What you need to do: In your copy, include every line of the listing below exactly but none of the pictures.

####################

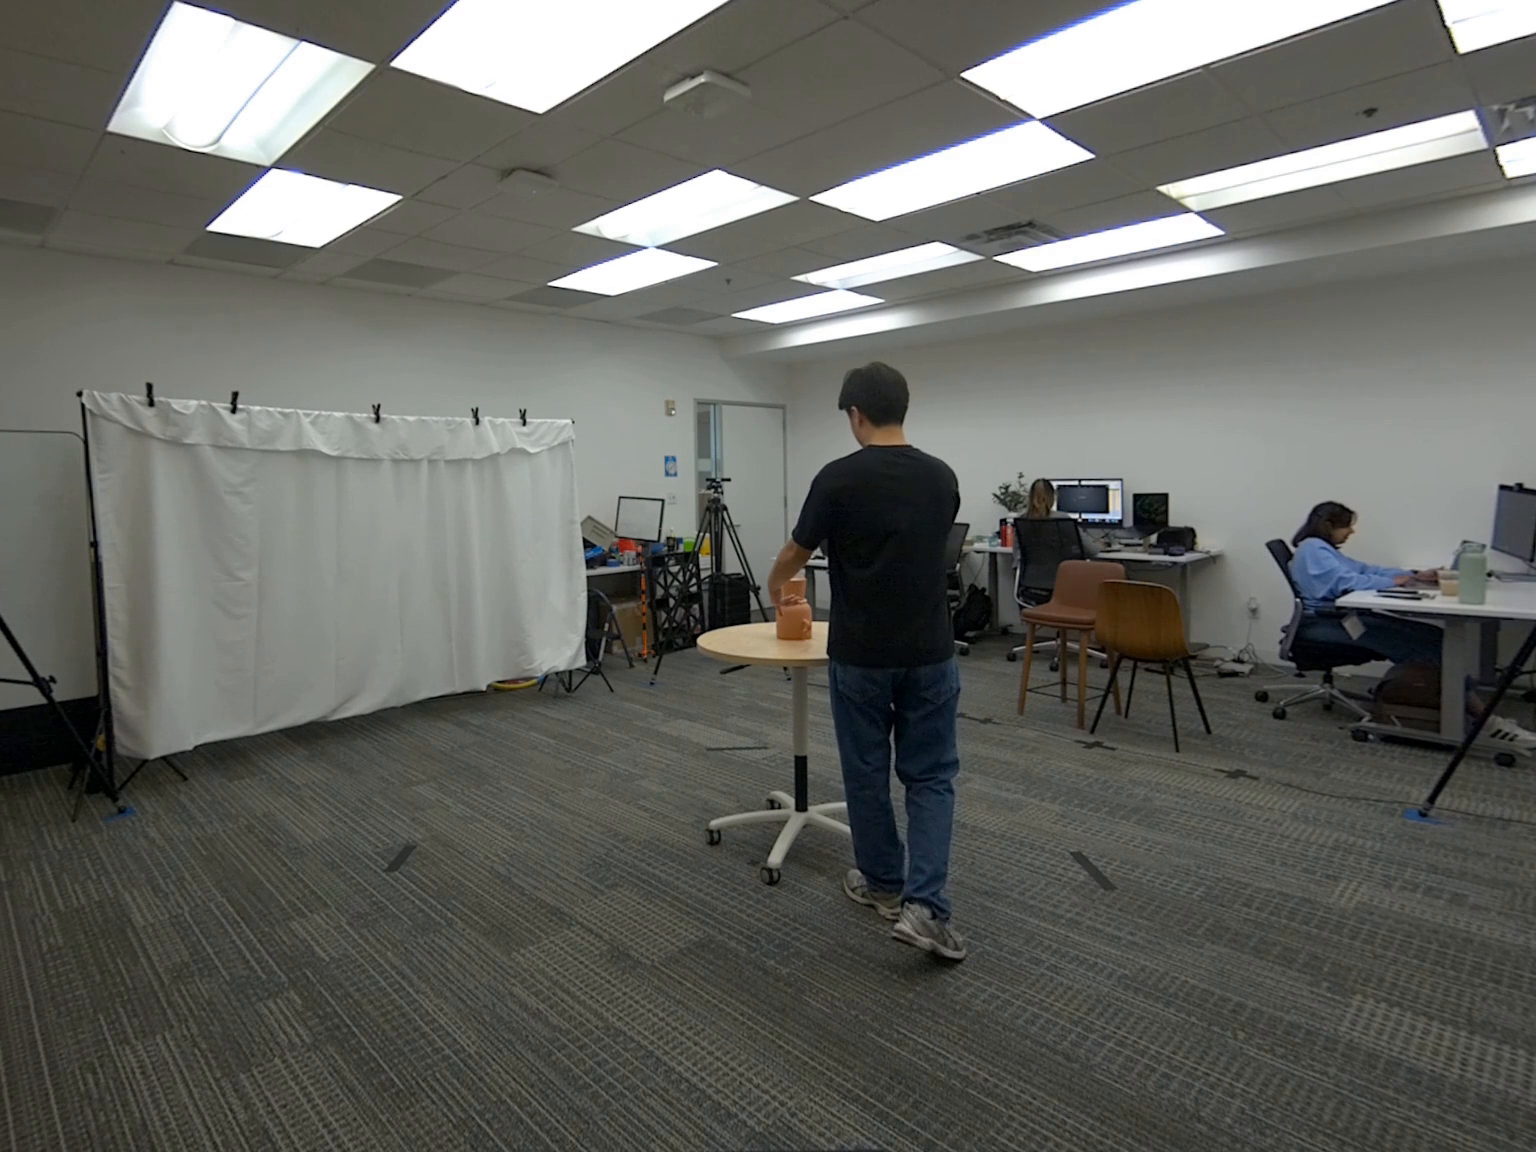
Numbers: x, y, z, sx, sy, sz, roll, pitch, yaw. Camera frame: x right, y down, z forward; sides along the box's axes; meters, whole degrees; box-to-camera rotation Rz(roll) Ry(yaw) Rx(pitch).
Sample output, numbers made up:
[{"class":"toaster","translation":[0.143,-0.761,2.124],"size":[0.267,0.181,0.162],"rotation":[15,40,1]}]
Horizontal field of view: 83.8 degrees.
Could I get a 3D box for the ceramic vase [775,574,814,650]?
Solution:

####################

Exercise answer:
Numbers: x, y, z, sx, sy, sz, roll, pitch, yaw. Camera frame: x right, y down, z forward; sides along the box's axes; meters, whole degrees; box-to-camera rotation Rz(roll) Ry(yaw) Rx(pitch).
Sample output, numbers made up:
[{"class":"toaster","translation":[0.143,-0.761,2.124],"size":[0.267,0.181,0.162],"rotation":[15,40,1]}]
Horizontal field of view: 83.8 degrees.
Could I get a 3D box for the ceramic vase [775,574,814,650]?
Solution:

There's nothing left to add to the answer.